– Владимир Владимирович, вы уже отвечали на вопрос, почему прекратили работу на американском телевидении – потому что была цензура. По сути то же самое сейчас на Первом канале, вы не можете пригласить определенных людей. Что изменилось с того времени, когда вы сказали: «нет, я не буду работать, потому что вы вводите цензуру», какая разница с тем, что происходит сейчас? По сути же то же самое.
Владимир Познер: Не то же самое. Во-первых, никто мне не говорит тему, тему я выбираю сам – это принципиально важно. И нет этого императива, что я обязан заранее сказать, кого я приглашаю. Я просто понимаю, что я могу пригласить, опять называю Навального, но когда я его приглашу, мне скажут – нет, на Первом канале Навального быть не может.
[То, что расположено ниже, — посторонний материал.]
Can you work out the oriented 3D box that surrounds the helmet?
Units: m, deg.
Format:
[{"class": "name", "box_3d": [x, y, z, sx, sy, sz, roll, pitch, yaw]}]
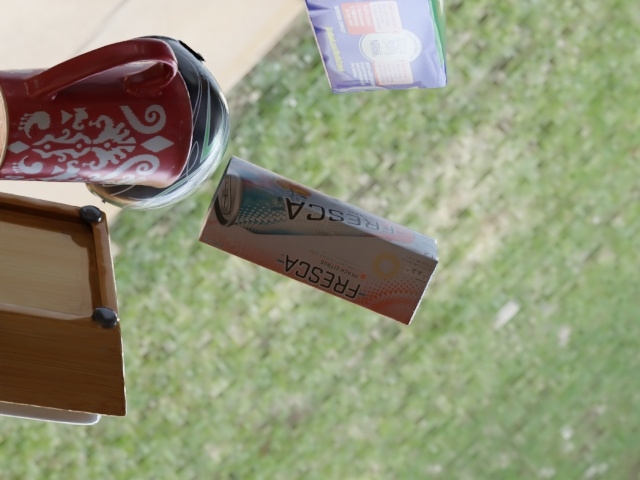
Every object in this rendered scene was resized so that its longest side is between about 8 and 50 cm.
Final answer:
[{"class": "helmet", "box_3d": [-0.177, -0.115, 1.776, 0.169, 0.161, 0.169, -19, 157, -8]}]

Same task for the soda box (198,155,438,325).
[{"class": "soda box", "box_3d": [0.000, 0.000, 1.337, 0.058, 0.183, 0.063, -85, -163, -71]}]

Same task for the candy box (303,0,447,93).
[{"class": "candy box", "box_3d": [0.050, -0.330, 1.516, 0.122, 0.317, 0.268, -2, 161, 7]}]

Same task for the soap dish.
[{"class": "soap dish", "box_3d": [-0.319, 0.046, 1.555, 0.291, 0.229, 0.118, 10, 125, -20]}]

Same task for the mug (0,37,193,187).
[{"class": "mug", "box_3d": [-0.206, -0.116, 1.442, 0.169, 0.113, 0.150, -4, 118, -34]}]
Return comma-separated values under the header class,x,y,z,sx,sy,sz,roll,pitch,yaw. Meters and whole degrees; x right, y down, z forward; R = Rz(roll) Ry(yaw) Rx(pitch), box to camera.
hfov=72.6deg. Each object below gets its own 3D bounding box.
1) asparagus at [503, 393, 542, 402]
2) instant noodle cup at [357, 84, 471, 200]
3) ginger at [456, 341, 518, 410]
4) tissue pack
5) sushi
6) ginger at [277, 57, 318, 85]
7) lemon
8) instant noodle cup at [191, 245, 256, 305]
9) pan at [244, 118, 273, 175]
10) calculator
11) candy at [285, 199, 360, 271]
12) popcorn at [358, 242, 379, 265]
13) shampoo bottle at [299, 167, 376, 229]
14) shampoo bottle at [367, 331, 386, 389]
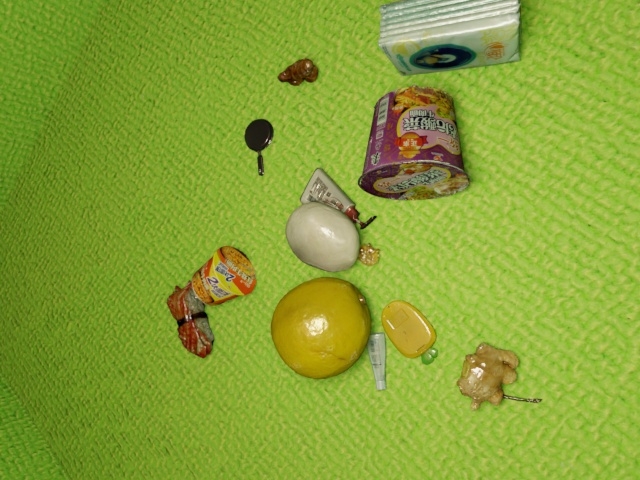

Это определенная цензура, конечно, она не официальная, но это можно вполне назвать цензурой.
С этим я могу примириться или не примириться, я на это пошел. Есть ли серьезная разница между Роджером Эйлсом, который поставил вопрос ребром, что либо вы подписываете контракт, в котором это указано, и Первым каналом, который не требует, чтобы я подписал такой контракт, но тем не менее требует, чтобы я сообщал, кого я приглашаю? Есть разница. Она не очень большая, но она есть, по моему внутреннему ощущению.
Я просто понимаю, что работаю в определенной системе и могу очень многое, и многие говорят: «как вам это удается?». Кроме того, я не знаю, смотрите вы мою программу или нет, но в конце я часто позволяю себе довольно резкие «прощалки».
Я могу это делать, а в Штатах сегодня я бы точно не мог – это правда. Я могу по нашему телевидению высказать какую-то позитивную мысль об Америке, в Америке, поверьте мне, я по телевидению не могу сказать ничего позитивного о России. Но если вы мне скажете – «что, у нас все так замечательно?» – нет, но пока мне удается делать то, что я хочу. Ну а что будет завтра, я не знаю.